I normally get through a working day with the minimum of human contact. This is how I like it. I have a sign on my studio door telling all but the closest of friends to clear off. And even they are only welcomed (with a very small w) between the hours of 1 - 2pm. But although I'm probably somewhere on the reclusive spectrum, I was still surprised to find myself referred to as something of a hermit in press coverage of a recent London exhibition. There was mention of me "coming out of the wilderness", of being an "outsider", a "shrinking violet", and of living in "obscurity". Truth is, I don't live in obscurity, I live in Yorkshire.
Despite it being a pretty straightforward four hour journey from open moor to congestion zone, I hadn't bargained for the exotica I seemed to garner from having dared venture just 200 miles south down the M1. I doubt I'd have met with more wide-eyed wonder when talking of the light splattering of snow we'd had recently than if I'd been a visiting martian. It's just a pity I didn't think to put on me bonnet to complete the picture. Even a cabbie got me to spell out my destination - C.H.A.N.C.E Street - so flummoxed was he by my flat A's. I'm a regular visitor to London, I even lived in the place for twelve years, but it was only returning as an exhibiting artist that I realised how the UK arts scene has disappeared right up it's own Mile End.
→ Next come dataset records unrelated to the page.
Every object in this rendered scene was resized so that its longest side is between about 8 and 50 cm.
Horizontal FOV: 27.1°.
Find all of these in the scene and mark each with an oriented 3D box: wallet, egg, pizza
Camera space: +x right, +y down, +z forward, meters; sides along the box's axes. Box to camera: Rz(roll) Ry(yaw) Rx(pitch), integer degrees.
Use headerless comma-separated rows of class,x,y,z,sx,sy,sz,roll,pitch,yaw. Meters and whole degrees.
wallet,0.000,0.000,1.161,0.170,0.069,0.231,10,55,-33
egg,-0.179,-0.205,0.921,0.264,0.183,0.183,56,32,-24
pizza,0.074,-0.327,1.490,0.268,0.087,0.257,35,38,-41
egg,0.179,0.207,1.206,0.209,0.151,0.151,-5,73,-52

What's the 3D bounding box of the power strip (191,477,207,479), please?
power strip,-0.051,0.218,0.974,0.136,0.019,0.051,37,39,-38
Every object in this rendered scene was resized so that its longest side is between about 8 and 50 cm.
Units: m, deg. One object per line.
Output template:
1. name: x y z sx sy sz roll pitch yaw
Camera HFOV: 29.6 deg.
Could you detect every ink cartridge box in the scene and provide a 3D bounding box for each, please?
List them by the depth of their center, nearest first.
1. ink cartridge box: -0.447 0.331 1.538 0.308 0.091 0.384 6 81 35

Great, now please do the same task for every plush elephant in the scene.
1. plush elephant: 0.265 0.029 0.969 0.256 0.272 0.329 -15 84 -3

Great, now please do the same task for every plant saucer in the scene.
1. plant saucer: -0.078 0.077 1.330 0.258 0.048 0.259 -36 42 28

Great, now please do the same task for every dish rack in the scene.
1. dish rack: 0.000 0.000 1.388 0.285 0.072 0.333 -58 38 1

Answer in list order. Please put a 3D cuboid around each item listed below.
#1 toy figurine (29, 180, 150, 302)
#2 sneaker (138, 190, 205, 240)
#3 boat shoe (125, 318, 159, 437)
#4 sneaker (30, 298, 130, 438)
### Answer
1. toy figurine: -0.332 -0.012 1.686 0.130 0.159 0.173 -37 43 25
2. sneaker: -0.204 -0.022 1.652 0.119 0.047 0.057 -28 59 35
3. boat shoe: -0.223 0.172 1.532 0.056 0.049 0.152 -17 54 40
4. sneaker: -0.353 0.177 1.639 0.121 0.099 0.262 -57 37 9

To operate outside of Zone One, or narrower still, the E2 postcode, creates real practical problems for the UK based artist. If a reviewer is unwilling to travel beyond the stretch of their Oyster card, then what chance does an artist working in say, Rotherham, Pitlochry or some Welsh mining village have of getting meaningful coverage for their show?
Personally I've found it incredibly healthy to work in isolation (collaboration is one dirty C word you'll never hear coming out of my mouth) and left to my own devices I've been able to perfect a method of work that I doubt is employed by anyone else on the planet. Trouble is, while this solitary approach to making art might have been beneficial in terms of quality of work, when it comes to a 'career' (ha!) uniqueness has turned out to be something of a handicap. Because if, like me, you've moved up a hill to escape humanity, then the likelihood is you're not going to be associated with or attached to any kind of scene. And the problem with that is no one has a clue what to make of you.
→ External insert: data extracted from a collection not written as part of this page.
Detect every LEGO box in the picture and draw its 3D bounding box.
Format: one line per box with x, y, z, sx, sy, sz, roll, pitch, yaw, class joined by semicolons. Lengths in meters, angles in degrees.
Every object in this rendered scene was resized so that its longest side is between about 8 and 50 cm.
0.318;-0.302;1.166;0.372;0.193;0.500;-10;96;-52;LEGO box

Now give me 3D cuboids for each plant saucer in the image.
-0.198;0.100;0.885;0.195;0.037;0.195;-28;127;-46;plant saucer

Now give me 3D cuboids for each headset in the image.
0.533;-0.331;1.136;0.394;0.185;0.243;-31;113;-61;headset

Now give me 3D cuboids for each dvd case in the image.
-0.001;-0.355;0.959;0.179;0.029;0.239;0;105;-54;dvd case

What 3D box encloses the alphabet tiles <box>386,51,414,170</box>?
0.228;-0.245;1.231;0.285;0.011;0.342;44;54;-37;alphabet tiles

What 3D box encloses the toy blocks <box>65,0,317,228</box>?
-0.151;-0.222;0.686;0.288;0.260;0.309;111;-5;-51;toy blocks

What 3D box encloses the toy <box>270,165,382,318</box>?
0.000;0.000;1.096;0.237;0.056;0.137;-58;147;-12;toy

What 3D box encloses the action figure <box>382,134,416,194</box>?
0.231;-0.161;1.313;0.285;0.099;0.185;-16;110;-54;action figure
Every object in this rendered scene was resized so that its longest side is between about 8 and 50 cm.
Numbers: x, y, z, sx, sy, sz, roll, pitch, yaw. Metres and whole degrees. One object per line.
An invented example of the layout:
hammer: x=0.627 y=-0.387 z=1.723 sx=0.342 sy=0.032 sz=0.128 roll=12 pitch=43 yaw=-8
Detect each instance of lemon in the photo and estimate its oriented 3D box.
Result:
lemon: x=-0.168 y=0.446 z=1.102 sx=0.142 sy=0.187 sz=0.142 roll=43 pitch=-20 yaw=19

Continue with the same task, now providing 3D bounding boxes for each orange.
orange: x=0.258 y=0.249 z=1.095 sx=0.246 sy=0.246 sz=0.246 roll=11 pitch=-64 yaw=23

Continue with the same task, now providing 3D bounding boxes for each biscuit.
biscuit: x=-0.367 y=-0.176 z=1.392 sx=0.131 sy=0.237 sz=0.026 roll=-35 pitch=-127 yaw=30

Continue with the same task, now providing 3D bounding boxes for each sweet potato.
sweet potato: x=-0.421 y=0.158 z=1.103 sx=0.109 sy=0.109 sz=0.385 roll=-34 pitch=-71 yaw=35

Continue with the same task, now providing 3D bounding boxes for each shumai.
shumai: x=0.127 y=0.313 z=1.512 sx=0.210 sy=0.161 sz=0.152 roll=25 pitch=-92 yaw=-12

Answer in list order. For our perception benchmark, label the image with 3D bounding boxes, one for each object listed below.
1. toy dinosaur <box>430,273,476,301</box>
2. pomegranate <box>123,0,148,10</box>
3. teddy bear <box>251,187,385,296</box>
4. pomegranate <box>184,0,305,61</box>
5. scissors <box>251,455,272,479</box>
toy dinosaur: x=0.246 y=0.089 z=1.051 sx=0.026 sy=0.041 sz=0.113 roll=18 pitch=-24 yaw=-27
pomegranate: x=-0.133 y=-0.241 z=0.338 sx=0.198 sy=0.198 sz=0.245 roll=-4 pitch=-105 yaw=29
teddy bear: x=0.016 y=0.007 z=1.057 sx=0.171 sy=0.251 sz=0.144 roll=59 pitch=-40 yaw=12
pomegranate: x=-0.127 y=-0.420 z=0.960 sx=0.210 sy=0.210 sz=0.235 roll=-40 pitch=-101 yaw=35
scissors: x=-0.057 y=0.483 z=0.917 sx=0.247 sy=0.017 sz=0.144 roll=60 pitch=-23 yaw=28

Art history is studied through what have been classified, sometimes retrospectively, as 'movements'. Groups of people - men generally - whose work seems to conform to a trend. So if you're a bit of a loner doing your own thing you're fucked.
A recent-ish example, the YBAs, who were in effect a gang. All that energy and exuberance that attracted so much attention was in part down to the fact there was a bunch of them - a kind of post modern Bash Street Kids making so much mischief and noise that they just couldn't be ignored. In the hubbub even a few women managed to slip under the radar - albeit gobby, London based, childfree women who liked a drink... See it's easy to remain untroubled by the attentions of Charles Saatchi when you're up a track in the middle of nowhere just quietly getting on with your own thing.
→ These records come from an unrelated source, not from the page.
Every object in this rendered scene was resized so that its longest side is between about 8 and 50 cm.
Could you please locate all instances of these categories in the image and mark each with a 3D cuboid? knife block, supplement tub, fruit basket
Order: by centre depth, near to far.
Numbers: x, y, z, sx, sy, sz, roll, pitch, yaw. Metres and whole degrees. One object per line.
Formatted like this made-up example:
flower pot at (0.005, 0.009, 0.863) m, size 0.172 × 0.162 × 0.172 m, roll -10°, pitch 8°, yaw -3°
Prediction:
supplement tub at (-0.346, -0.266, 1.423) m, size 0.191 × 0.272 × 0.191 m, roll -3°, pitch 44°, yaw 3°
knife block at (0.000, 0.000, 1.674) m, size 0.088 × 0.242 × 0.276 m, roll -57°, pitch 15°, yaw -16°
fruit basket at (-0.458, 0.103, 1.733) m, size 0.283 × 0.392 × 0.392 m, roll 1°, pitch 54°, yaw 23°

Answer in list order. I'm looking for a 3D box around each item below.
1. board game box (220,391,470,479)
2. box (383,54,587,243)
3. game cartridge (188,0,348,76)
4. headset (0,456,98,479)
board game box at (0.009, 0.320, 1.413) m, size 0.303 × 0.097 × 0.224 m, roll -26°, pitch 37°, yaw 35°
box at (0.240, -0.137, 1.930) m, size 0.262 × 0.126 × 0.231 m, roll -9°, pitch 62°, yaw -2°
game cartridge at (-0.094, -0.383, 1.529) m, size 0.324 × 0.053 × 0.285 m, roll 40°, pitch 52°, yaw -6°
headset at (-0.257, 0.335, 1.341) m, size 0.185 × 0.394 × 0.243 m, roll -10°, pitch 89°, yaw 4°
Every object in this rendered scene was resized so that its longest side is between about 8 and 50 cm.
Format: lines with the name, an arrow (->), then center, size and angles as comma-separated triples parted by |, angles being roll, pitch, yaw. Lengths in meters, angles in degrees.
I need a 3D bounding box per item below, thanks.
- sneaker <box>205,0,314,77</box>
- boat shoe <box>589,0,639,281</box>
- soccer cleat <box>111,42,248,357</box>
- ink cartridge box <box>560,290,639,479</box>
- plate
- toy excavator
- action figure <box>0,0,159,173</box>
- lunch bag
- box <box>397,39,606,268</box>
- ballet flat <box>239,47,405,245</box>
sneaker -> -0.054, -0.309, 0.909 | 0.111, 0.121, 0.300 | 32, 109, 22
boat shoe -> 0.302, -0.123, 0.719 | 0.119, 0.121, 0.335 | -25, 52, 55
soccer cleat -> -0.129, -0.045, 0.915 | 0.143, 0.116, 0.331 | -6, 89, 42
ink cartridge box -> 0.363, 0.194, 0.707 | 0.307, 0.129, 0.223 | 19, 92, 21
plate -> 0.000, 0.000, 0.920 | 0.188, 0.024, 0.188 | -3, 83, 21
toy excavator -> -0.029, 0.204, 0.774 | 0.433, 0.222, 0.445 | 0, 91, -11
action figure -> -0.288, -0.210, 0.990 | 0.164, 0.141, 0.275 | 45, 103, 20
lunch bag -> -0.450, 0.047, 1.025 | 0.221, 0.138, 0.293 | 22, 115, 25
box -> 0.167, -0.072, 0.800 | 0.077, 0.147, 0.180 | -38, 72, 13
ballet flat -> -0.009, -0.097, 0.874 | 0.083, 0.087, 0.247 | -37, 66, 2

While being on the outside of the tent pissing in kind of works for me, my concern is that when all the focus is directed towards just a handful of people, what is getting nudged out of the way? What's getting overlooked? That question keeps me awake at night. When it's the same old names that crop up over and over again, I can't help but wonder what's really going on out there that we're all missing out on?